Like the fellow in Schnoebelen’s illustration, many see no contradiction between Masonry and being a Christian. Two factors figure into this: ignorance of Masonry’s paganism and not discerning the Great Commission. Schnoebelen goes into great detail how the symbols and rituals are of Luciferian origin. Any Mason or Masonic candidate does not have to look far to see that Masonry’s god is not the God of the Bible.
Secondly, anyone serious about the Great Commission would feel very uncomfortable (convicted) if he became involved in Masonry. Masonry welcomes both saved and lost into one “brotherhood.”Any “brotherhood” that is not “brothers in Christ” will dampen a soul winner’s attitude toward the lost sinner. When the Lodge becomes a Christian’s primary circle of friends, obedience to the Great Commission effectively ceases.
Churches whose ministries are struggling for lack of interest by its men, should take a lesson from Masonry’s appeal to men. God has placed a masculine dynamic in the spirit of the man that longs for the opportunity to be part of a team that is challenged to accomplish a goal. If the church does not provide an outlet for that dynamic, its men will find it outside in sports, Masonry, or bury themselves in their career or business.

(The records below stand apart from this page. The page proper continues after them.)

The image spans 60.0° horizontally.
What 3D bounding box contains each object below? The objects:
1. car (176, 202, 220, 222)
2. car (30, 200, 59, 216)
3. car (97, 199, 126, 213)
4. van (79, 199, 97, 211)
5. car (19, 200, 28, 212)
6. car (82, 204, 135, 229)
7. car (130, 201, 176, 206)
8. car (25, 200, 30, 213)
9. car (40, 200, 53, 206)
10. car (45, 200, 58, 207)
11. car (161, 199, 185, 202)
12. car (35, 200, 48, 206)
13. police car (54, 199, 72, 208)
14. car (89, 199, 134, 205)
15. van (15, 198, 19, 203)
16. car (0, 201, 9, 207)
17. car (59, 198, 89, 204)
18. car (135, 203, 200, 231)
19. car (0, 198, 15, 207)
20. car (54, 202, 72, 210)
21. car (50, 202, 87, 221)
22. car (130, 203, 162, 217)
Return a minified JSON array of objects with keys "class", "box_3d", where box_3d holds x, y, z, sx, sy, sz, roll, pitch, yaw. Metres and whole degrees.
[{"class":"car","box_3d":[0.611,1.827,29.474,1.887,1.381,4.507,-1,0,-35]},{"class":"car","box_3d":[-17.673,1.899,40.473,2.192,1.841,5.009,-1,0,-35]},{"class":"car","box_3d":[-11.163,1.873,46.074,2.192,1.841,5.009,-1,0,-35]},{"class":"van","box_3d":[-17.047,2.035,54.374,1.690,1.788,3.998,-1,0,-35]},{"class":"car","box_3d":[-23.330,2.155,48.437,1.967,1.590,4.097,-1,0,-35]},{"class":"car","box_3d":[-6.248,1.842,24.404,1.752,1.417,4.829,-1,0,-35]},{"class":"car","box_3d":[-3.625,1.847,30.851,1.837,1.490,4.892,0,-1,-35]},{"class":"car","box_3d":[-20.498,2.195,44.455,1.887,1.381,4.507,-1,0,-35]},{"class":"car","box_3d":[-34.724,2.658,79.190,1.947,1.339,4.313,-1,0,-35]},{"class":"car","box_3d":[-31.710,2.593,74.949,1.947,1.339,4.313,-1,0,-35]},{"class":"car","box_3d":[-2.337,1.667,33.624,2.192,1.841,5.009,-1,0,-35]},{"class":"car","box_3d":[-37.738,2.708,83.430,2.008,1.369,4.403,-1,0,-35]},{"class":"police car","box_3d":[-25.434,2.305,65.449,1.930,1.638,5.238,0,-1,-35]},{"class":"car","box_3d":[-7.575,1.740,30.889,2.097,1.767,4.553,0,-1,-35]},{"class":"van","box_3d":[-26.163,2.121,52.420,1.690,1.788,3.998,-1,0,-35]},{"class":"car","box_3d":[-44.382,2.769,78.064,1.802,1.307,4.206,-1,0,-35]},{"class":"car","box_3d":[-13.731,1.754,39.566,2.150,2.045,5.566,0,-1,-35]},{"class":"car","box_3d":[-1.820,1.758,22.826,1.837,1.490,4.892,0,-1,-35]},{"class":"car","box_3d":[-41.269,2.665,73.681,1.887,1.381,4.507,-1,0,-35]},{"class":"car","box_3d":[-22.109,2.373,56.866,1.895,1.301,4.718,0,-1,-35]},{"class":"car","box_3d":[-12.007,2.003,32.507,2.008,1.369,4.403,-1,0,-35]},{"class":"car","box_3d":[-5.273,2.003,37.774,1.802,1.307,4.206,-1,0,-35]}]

The biblical outlet for that dynamic is the Great Commission, winning souls and then discipling (mentoring) the converts. The church must first make sure the men understand the gospel —their salvation in Christ and what it means to be a godly man. Then teach the men how to explain the gospel until they have confidence to give any unbeliever the “reason for the hope” that they have in Christ. (See 1 Peter 3:15.)
If the church will provide for the outlet of this masculine dynamic, men will not be tempted by worldly uses for it. They will see right through the temptations of Masonry, the shallowness of sports, the futility of chasing riches in business or career. They will shoulder their responsibility for winning the lost, nurturing the young in Christ, and guarding the purity of the fellowship.